EXERCISE AIM:
For each line of the data below that includes the string "roll", count one, and answer with the sum only.

Dataset items:

########################################

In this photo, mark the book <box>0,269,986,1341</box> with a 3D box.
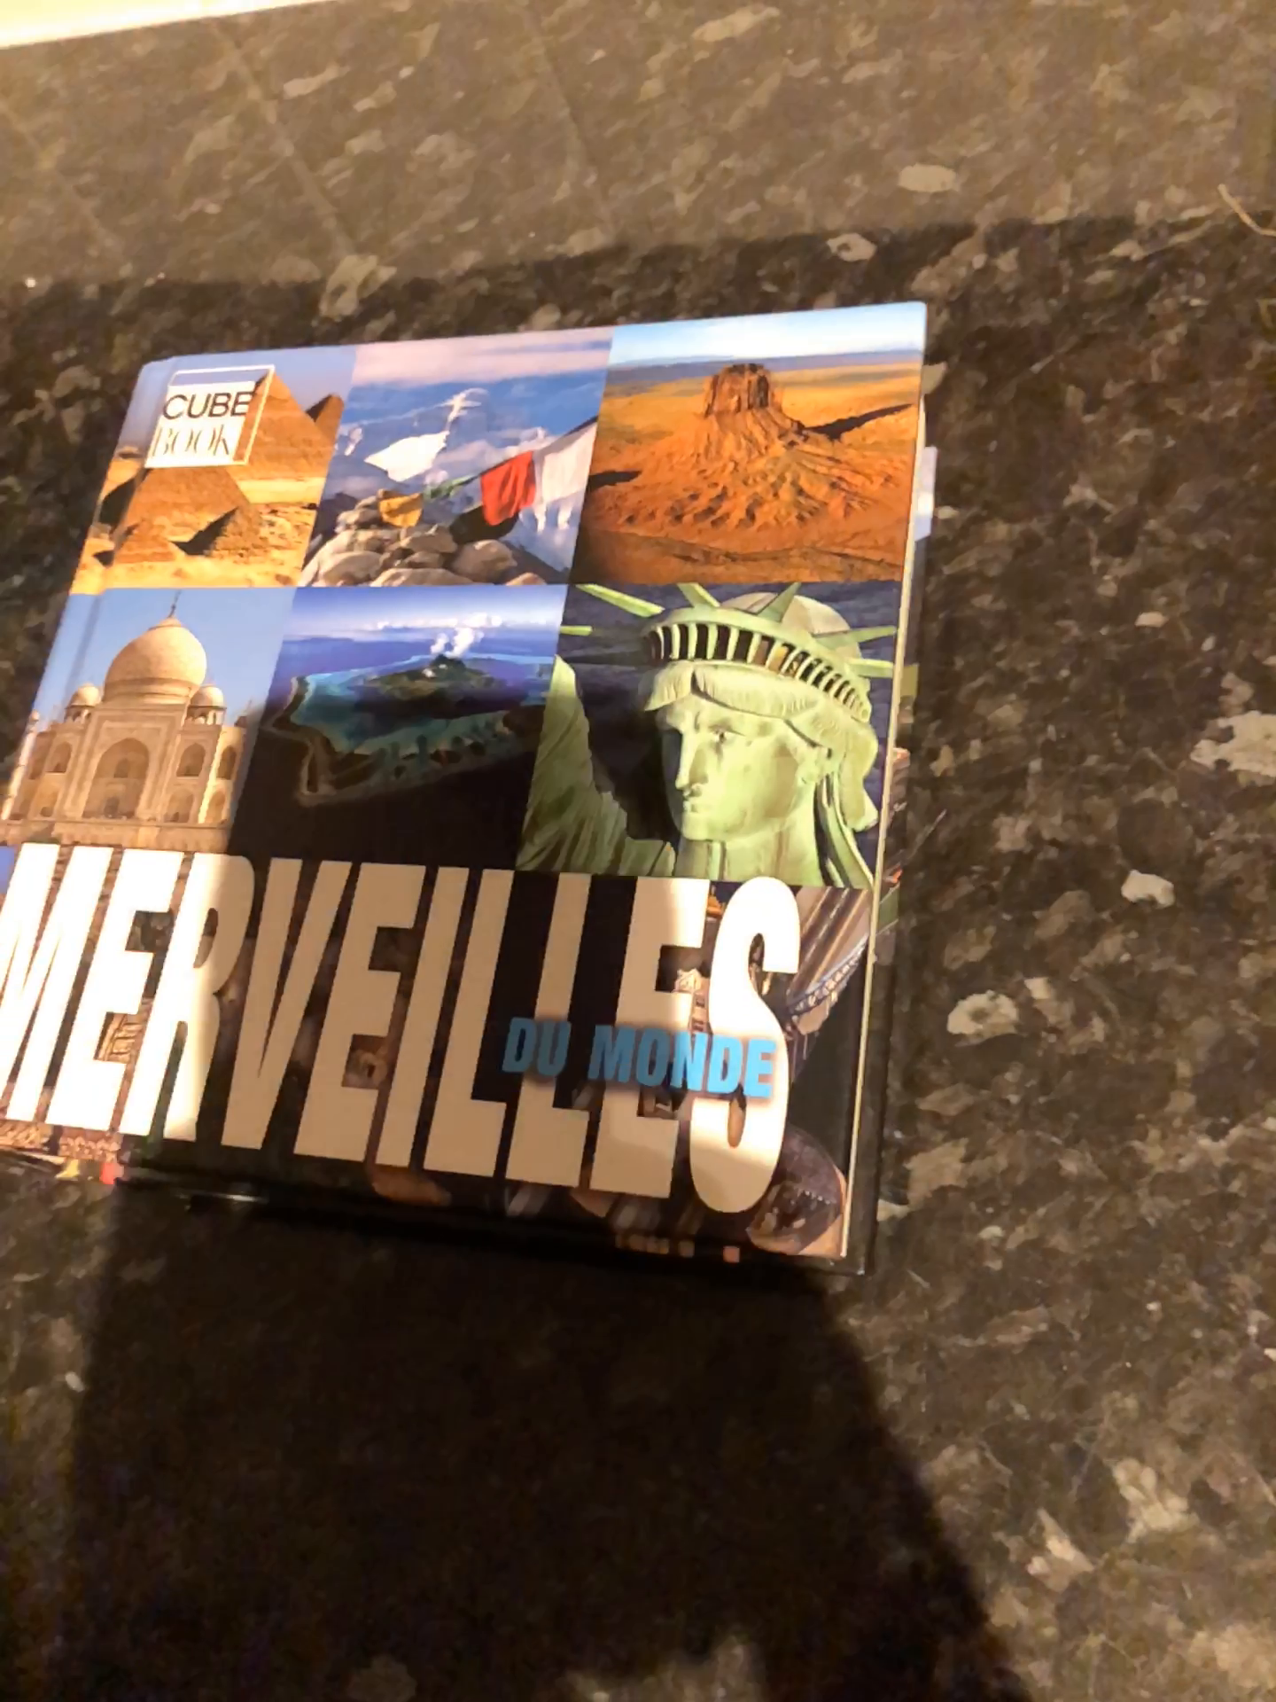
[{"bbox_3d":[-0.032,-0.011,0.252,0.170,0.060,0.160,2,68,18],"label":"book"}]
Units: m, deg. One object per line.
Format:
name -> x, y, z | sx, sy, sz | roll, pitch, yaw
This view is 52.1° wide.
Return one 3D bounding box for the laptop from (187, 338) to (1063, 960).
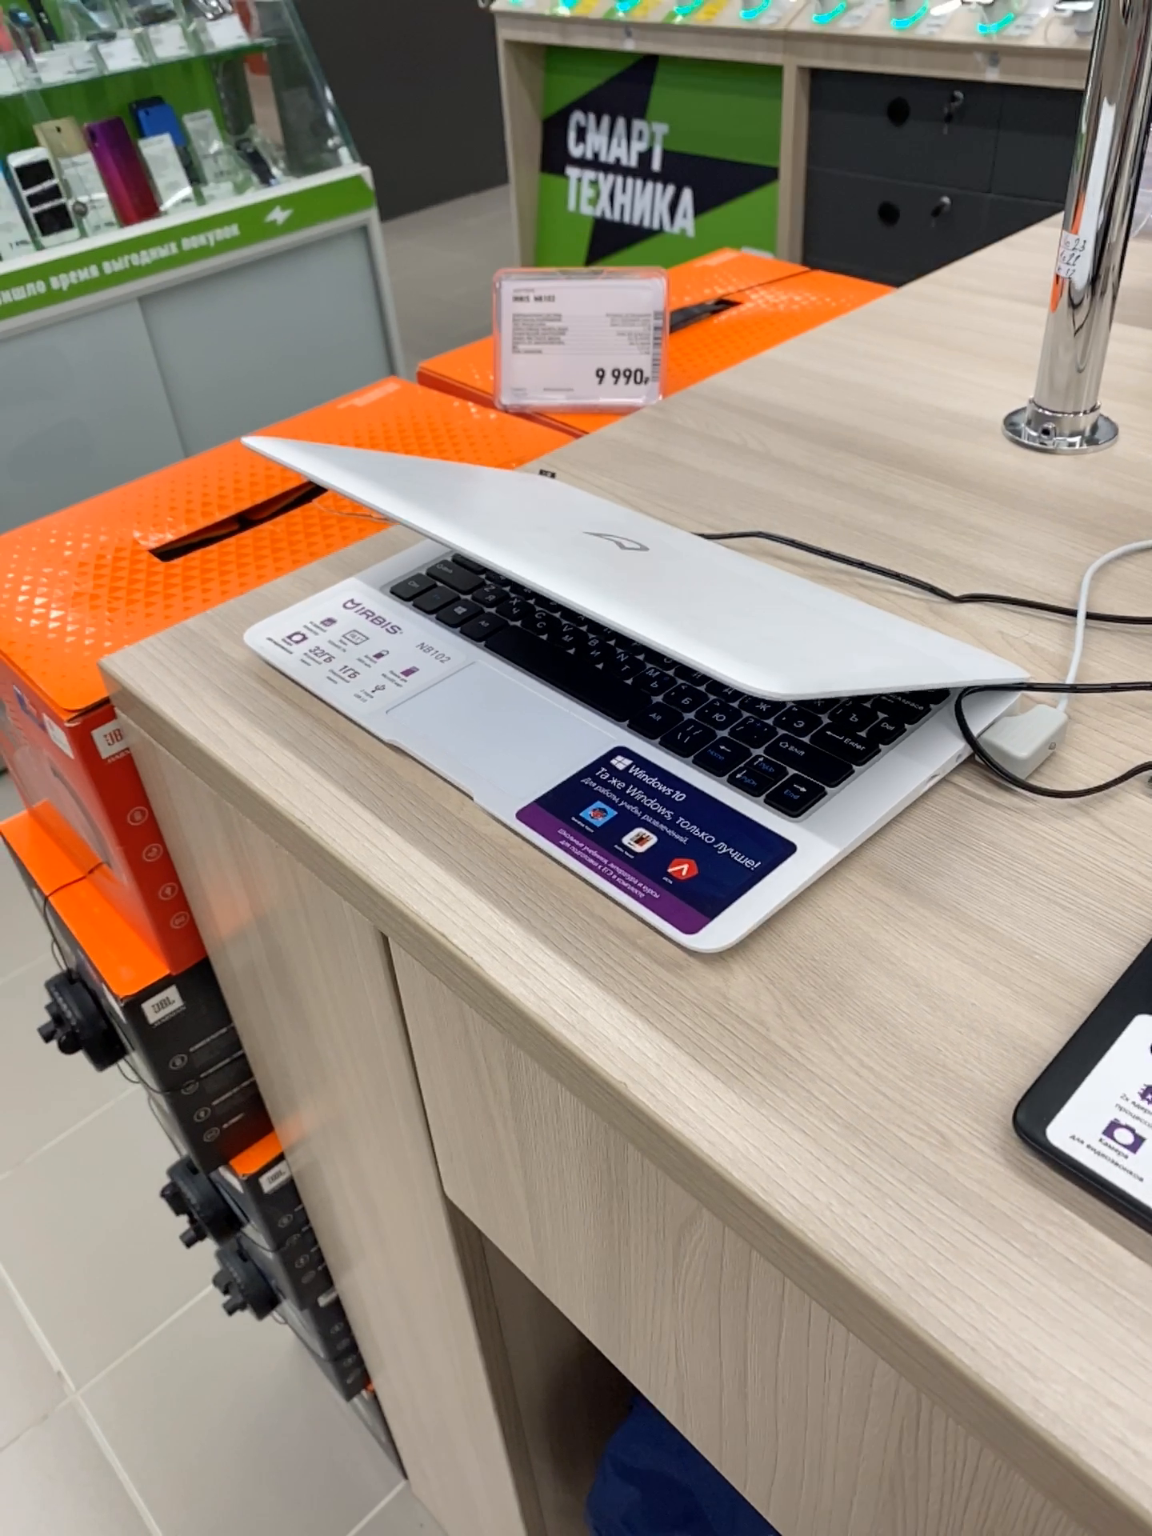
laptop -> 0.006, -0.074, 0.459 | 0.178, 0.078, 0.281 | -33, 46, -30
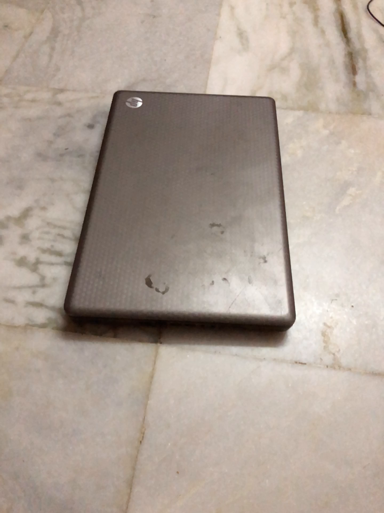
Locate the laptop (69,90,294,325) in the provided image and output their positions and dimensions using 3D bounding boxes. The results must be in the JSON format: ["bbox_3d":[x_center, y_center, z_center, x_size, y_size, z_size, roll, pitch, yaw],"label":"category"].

########################################

WRITTEN ANSWER:
2